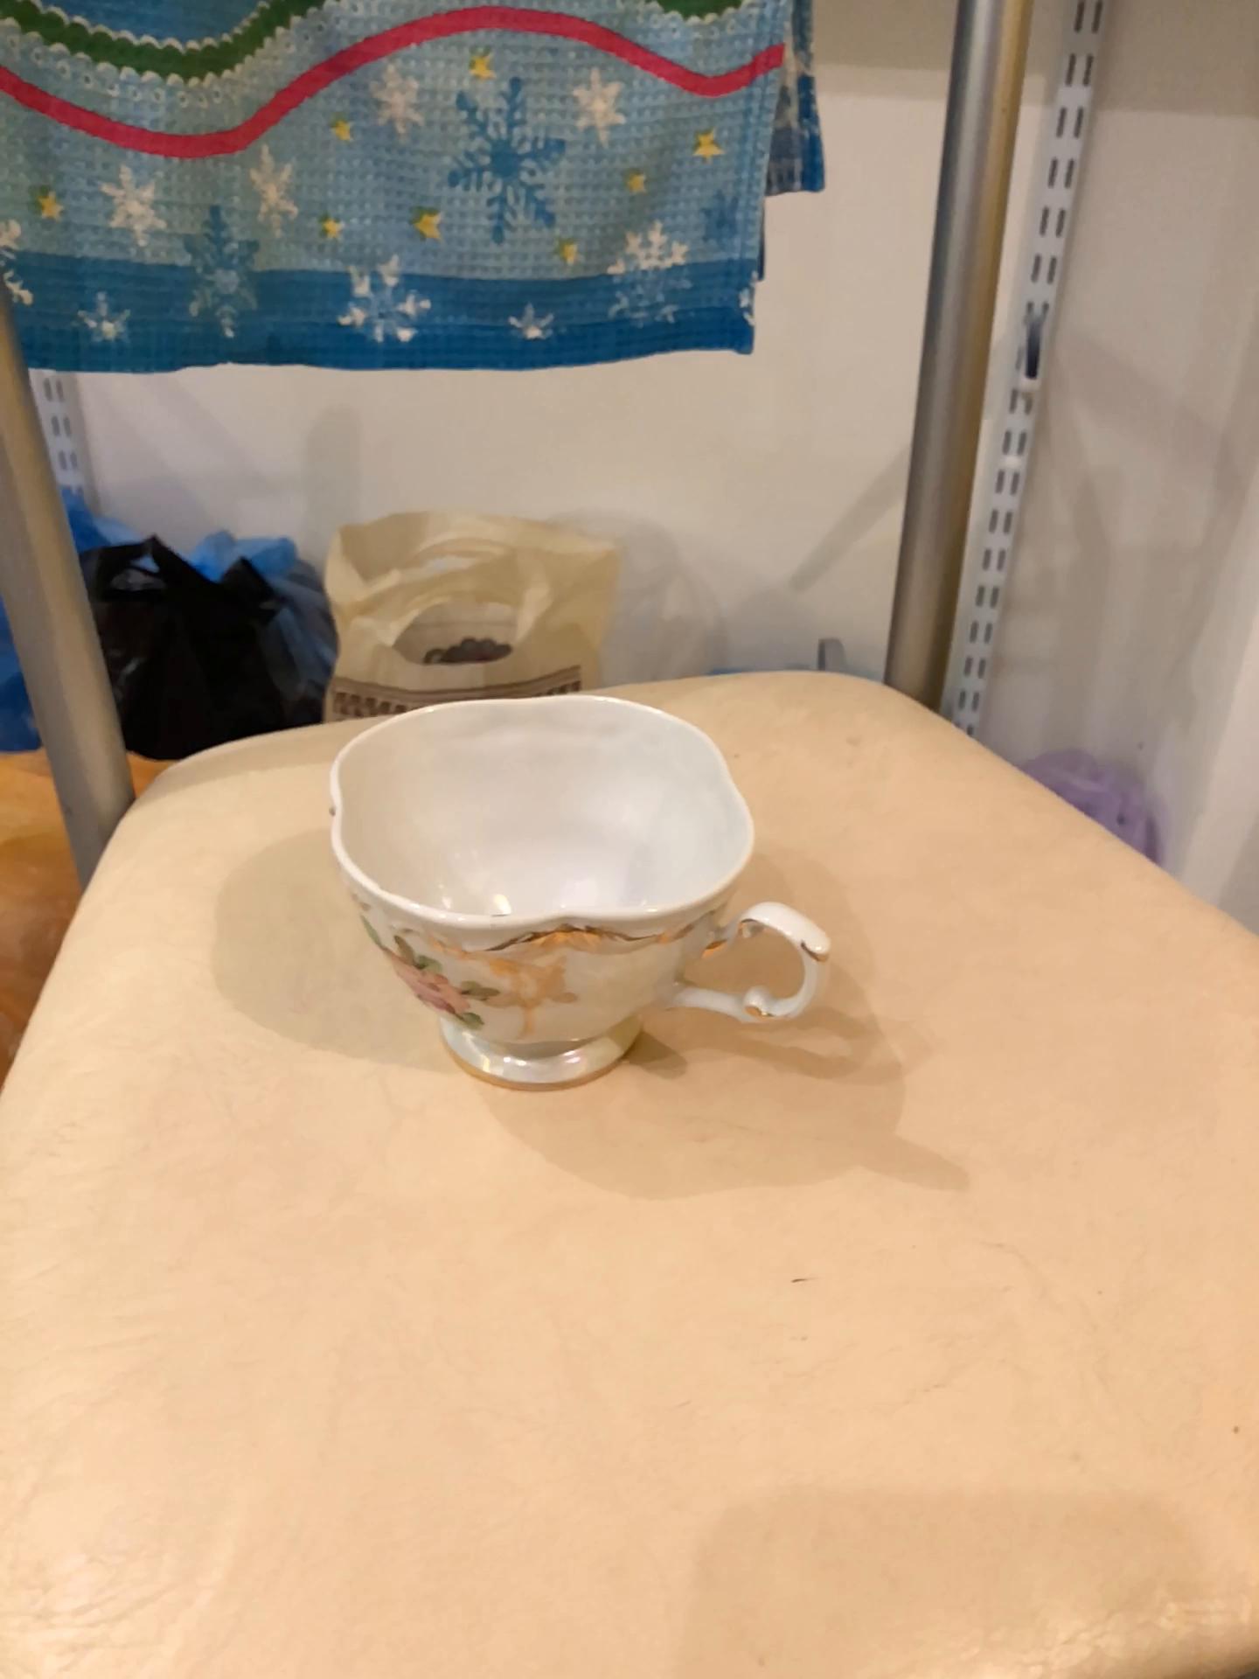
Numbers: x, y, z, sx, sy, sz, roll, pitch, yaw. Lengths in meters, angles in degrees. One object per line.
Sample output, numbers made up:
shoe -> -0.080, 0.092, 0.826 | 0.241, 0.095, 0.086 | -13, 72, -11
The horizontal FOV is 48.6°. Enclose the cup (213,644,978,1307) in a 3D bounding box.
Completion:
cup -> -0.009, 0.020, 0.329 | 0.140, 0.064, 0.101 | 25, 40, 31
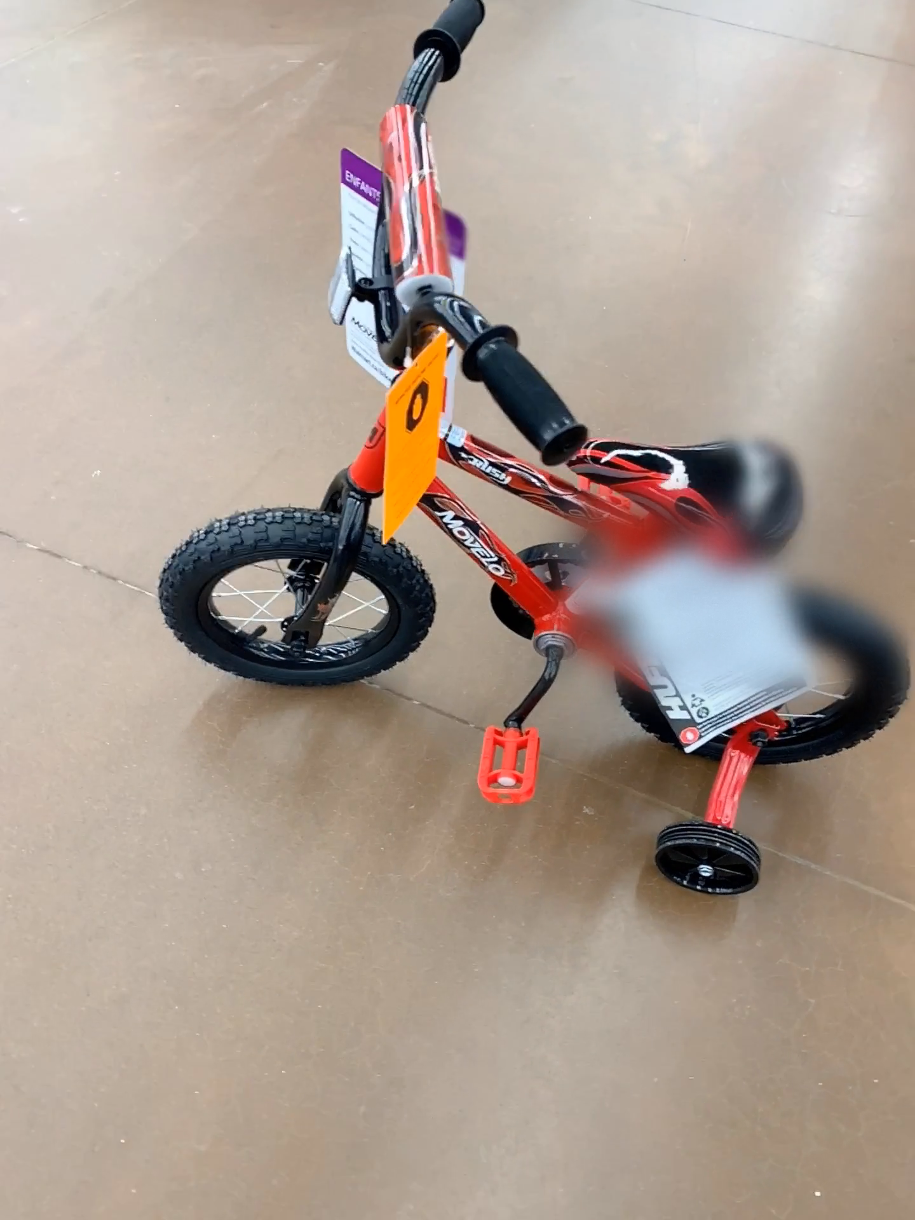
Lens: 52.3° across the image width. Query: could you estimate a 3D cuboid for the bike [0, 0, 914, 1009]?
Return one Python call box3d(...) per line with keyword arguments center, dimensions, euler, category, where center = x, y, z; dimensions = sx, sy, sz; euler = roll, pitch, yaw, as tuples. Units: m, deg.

------------------------------------------------------------

▶ **Aim of the task**
Pictures are to be omitted from the copy, and only the lines from the one containing "The horizontal FOV" through the final line of the listing above are to be written out exactly.

▶ **Output of the exercise**
The horizontal FOV is 48.6°. Enclose the cup (213,644,978,1307) in a 3D bounding box.
Completion:
cup -> -0.009, 0.020, 0.329 | 0.140, 0.064, 0.101 | 25, 40, 31
Lens: 52.3° across the image width. Query: could you estimate a 3D cuboid for the bike [0, 0, 914, 1009]?
Return one Python call box3d(...) per line with keyword arguments center, dimensions, euler, category, where center = x, y, z; dimensions = sx, sy, sz; euler = roll, pitch, yaw, as tuples. Units: m, deg.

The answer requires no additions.